In case of jOOQ, they’re very highly effective. jOOQ provides a couple of helpful out-of-the-box collectors in Data. Let me showcase Data.intoMap(), which has this overload, for instance:

<Okay,V,R extends Record2<Okay,V>> Collector<R,?,Map<Okay,V>> intoMap()

The fascinating bit right here is that it captures the varieties of a Record2 sort as the important thing and worth sort of the ensuing map. A easy generic trick to ensure it really works provided that you undertaking precisely 2 columns, for instance:

Map<Integer, String> books =
ctx.choose(BOOK.ID, BOOK.TITLE)
   .from(BOOK)
   .accumulate(Data.intoMap());

That is fully sort secure. You’ll be able to’t undertaking 3 columns, or the incorrect column sorts because of all these generics. That is extra handy than the equal that’s obtainable on the ResultQuery API instantly, the place you must repeat the projected column expressions:

Map<Integer, String> books =
ctx.choose(BOOK.ID, BOOK.TITLE)
   .from(BOOK)
   .fetchMap(BOOK.ID, BOOK.TITLE);

With the ResultQuery::accumulate and Cursor::accumulate APIs, you need to use any arbitrary collector, together with your personal, which is actually very highly effective! Additionally, it removes the necessity for the middleman Consequence knowledge construction, so it doesn’t should fetch all the pieces into reminiscence (until your Collector does it anyway, after all).

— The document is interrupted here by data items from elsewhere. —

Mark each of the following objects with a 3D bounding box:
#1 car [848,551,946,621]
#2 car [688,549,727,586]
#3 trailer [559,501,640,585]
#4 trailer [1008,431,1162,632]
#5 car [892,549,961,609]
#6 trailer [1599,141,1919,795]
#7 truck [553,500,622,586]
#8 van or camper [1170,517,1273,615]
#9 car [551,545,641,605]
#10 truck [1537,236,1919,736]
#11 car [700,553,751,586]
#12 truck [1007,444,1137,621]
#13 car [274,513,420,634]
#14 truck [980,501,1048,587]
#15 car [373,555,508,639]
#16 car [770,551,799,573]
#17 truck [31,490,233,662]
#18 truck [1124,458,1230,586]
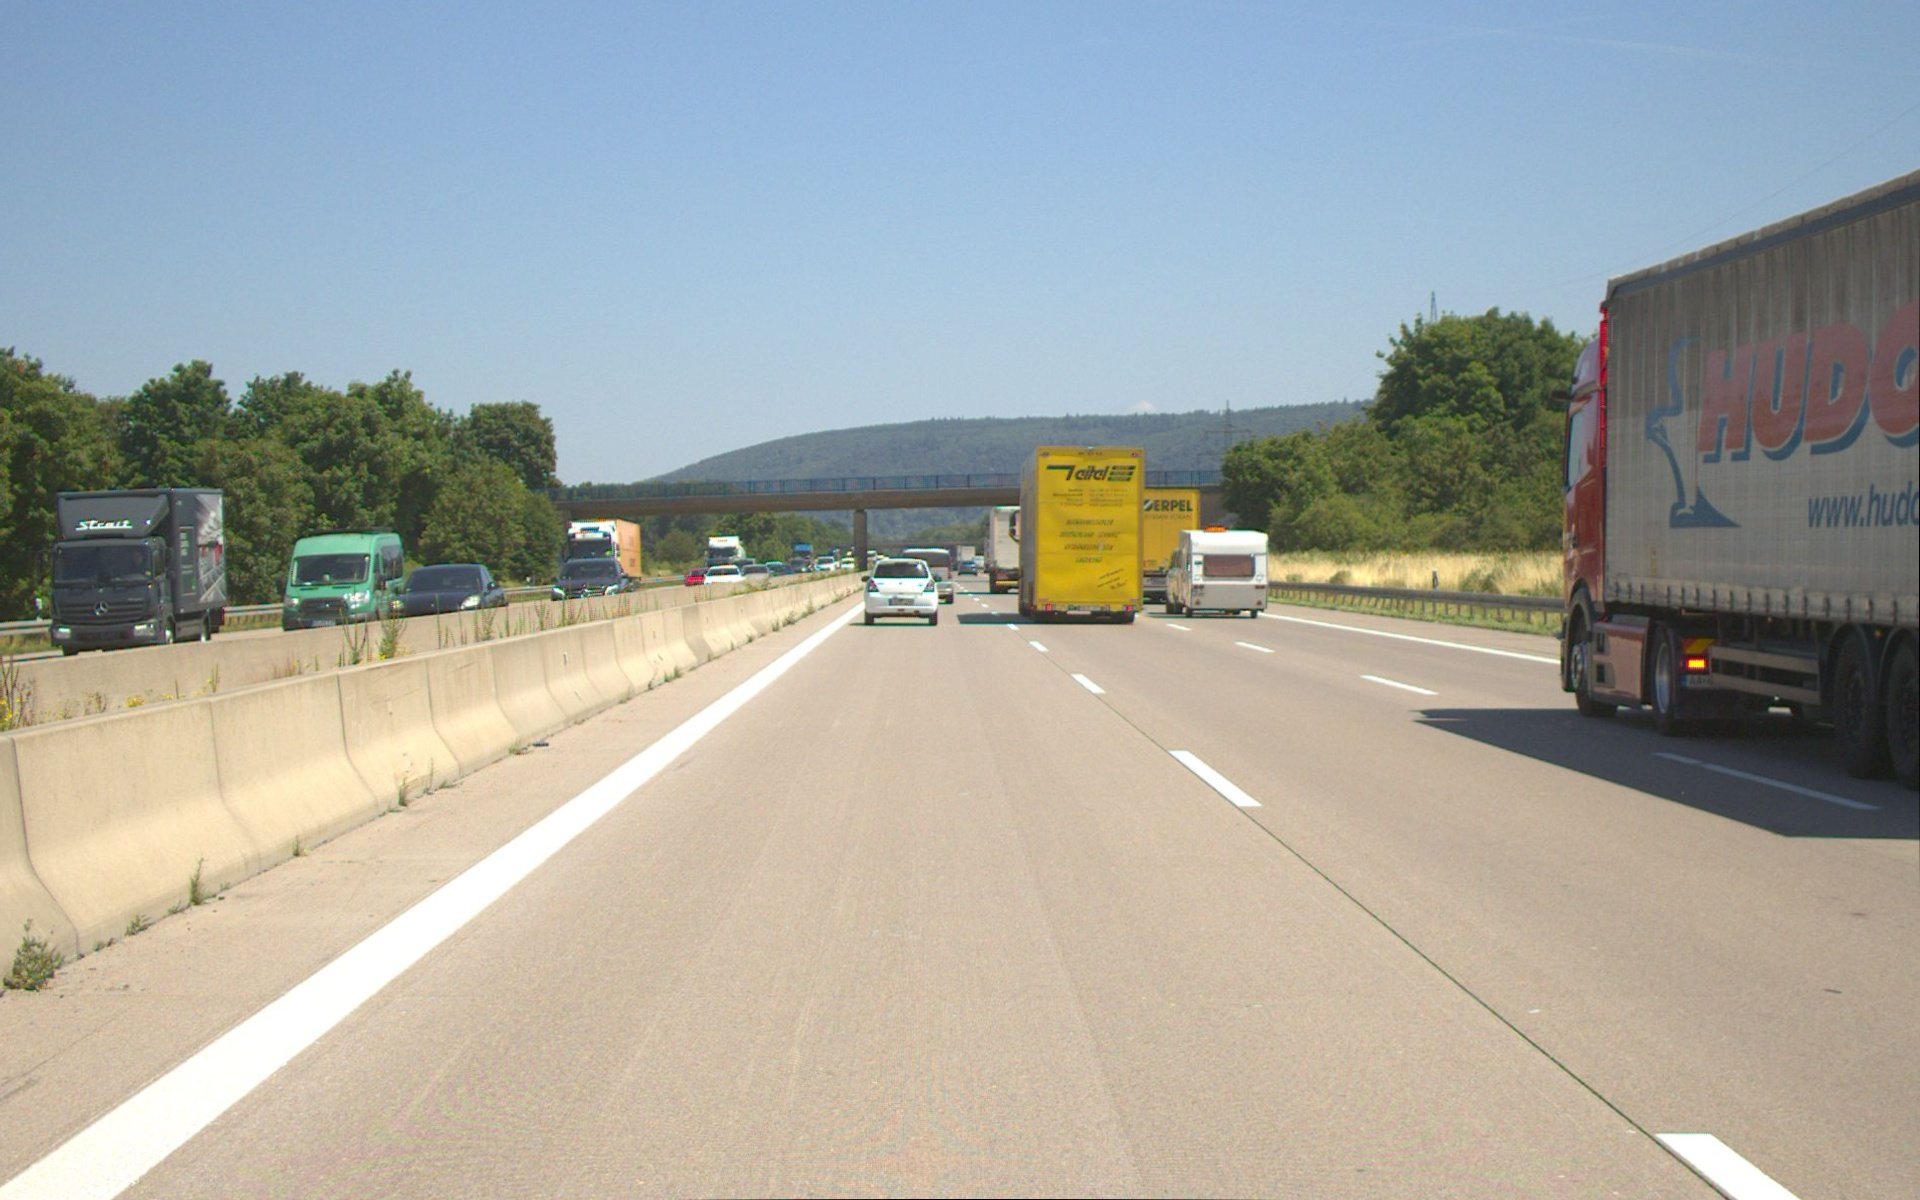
[{"bbox_3d":[-1.433,-0.335,79.505,2.107,1.530,4.122,1,1,1],"label":"car"},{"bbox_3d":[-14.007,-1.800,190.790,1.993,2.007,4.001,-1,1,-3],"label":"car"},{"bbox_3d":[-18.971,-2.993,181.733,2.873,4.183,14.141,-2,1,-1],"label":"trailer"},{"bbox_3d":[2.952,-1.676,85.384,3.216,4.548,13.457,1,1,0],"label":"trailer"},{"bbox_3d":[-1.136,-0.742,118.746,2.254,2.007,4.298,1,1,0],"label":"car"},{"bbox_3d":[7.389,-0.866,24.615,2.873,4.086,13.513,1,1,-1],"label":"trailer"},{"bbox_3d":[-18.881,-2.885,174.454,2.868,4.181,5.230,-2,1,-1],"label":"truck"},{"bbox_3d":[6.949,-0.927,91.792,2.224,2.522,5.431,1,1,-1],"label":"van or camper"},{"bbox_3d":[-9.998,-0.707,94.808,1.993,1.571,4.849,1,1,-1],"label":"car"},{"bbox_3d":[7.334,-0.982,31.439,2.905,4.086,6.272,1,1,-1],"label":"truck"},{"bbox_3d":[-10.653,-1.401,156.218,1.993,1.359,4.670,-2,1,-1],"label":"car"},{"bbox_3d":[2.944,-1.793,92.318,3.216,4.548,5.836,1,1,0],"label":"truck"},{"bbox_3d":[-13.523,-0.613,76.213,2.149,2.542,6.464,-1,1,-1],"label":"car"},{"bbox_3d":[2.385,-2.507,153.551,2.820,3.748,6.284,1,1,-1],"label":"truck"},{"bbox_3d":[-10.074,-0.080,67.030,1.940,1.552,4.889,-1,1,-1],"label":"car"},{"bbox_3d":[-11.070,-2.389,216.917,1.690,1.327,4.000,1,1,-1],"label":"car"},{"bbox_3d":[-18.065,-0.560,75.495,2.554,3.500,7.885,-2,1,-1],"label":"truck"},{"bbox_3d":[7.607,-2.743,121.725,2.999,4.299,9.684,1,1,0],"label":"truck"}]
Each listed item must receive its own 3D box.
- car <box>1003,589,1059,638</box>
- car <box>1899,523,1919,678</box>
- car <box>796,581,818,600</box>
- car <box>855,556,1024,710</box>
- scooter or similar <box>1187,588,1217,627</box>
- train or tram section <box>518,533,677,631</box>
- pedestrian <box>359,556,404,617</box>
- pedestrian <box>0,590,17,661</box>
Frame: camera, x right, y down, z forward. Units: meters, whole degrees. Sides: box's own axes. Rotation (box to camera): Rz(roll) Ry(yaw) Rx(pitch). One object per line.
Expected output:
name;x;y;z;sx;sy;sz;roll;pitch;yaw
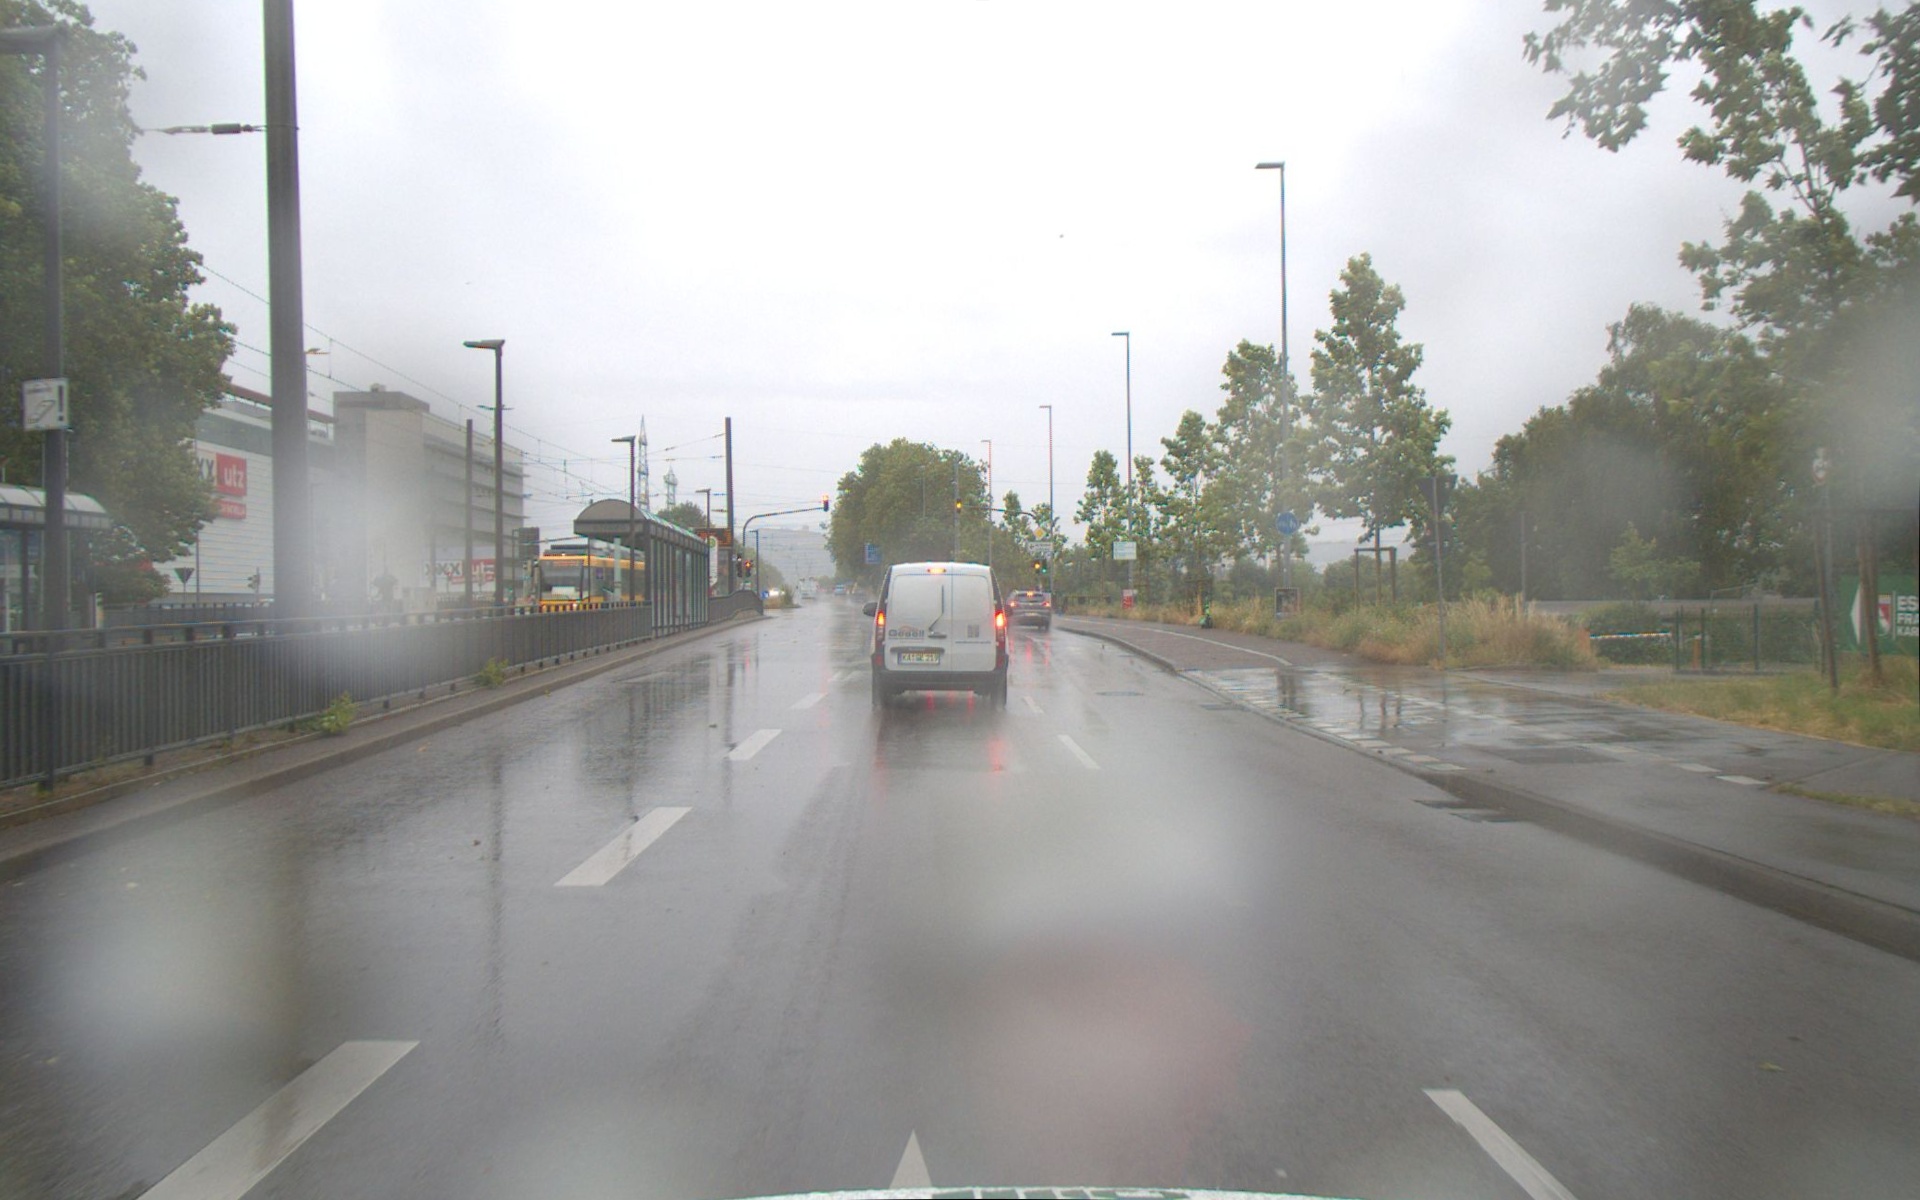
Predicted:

Collectors are notably helpful when accumulating MULTISET nested collections. An instance has been given right here, the place a nested assortment was additionally mapped into such a Map<Okay, V>.

Reactive fetching

Ranging from jOOQ 3.15, R2DBC has been supported. Which means ResultQuery<R> is now additionally a reactive streams Writer<R> (each the reactive-streams API and the JDK 9 Move API are supported for higher interoperability).

So, simply decide your favorite reactive streams API of alternative, e.g. reactor, and stream jOOQ outcome units reactively like this:

Flux<Record1<String>> flux = Flux.from(ctx
    .choose(BOOK.TITLE)
    .from(BOOK)
);

Many fetching

Final however not least, there are uncommon instances when your question produces a couple of outcome set. This was once fairly en vogue in SQL Server and associated RDBMS, the place saved procedures may produce cursors. MySQL and Oracle even have the characteristic. For instance:

Outcomes outcomes = ctx.fetch("sp_help");

for (Consequence<?> outcome : outcomes) {
    for (Document report : outcome) {
        // ...
    }
}

The usual foreach loop will solely iterate outcomes, however you may also entry the interleaved row counts utilizing Outcomes.resultsOrRows() if that’s of curiosity to you as nicely.

Conclusion

Comfort and developer person expertise is on the core of jOOQ’s API design. Like every good assortment API, jOOQ provides a wide range of composable primitives that enable for extra successfully integrating SQL into your utility.

SQL is only a description of a knowledge construction. jOOQ helps describe that knowledge construction in a kind secure means on the JVM. It’s pure for additional processing to be doable in an equally sort secure means, as we’re used to from the JDK’s personal assortment APIs, or third events like jOOλ, vavr, streamex, and so on.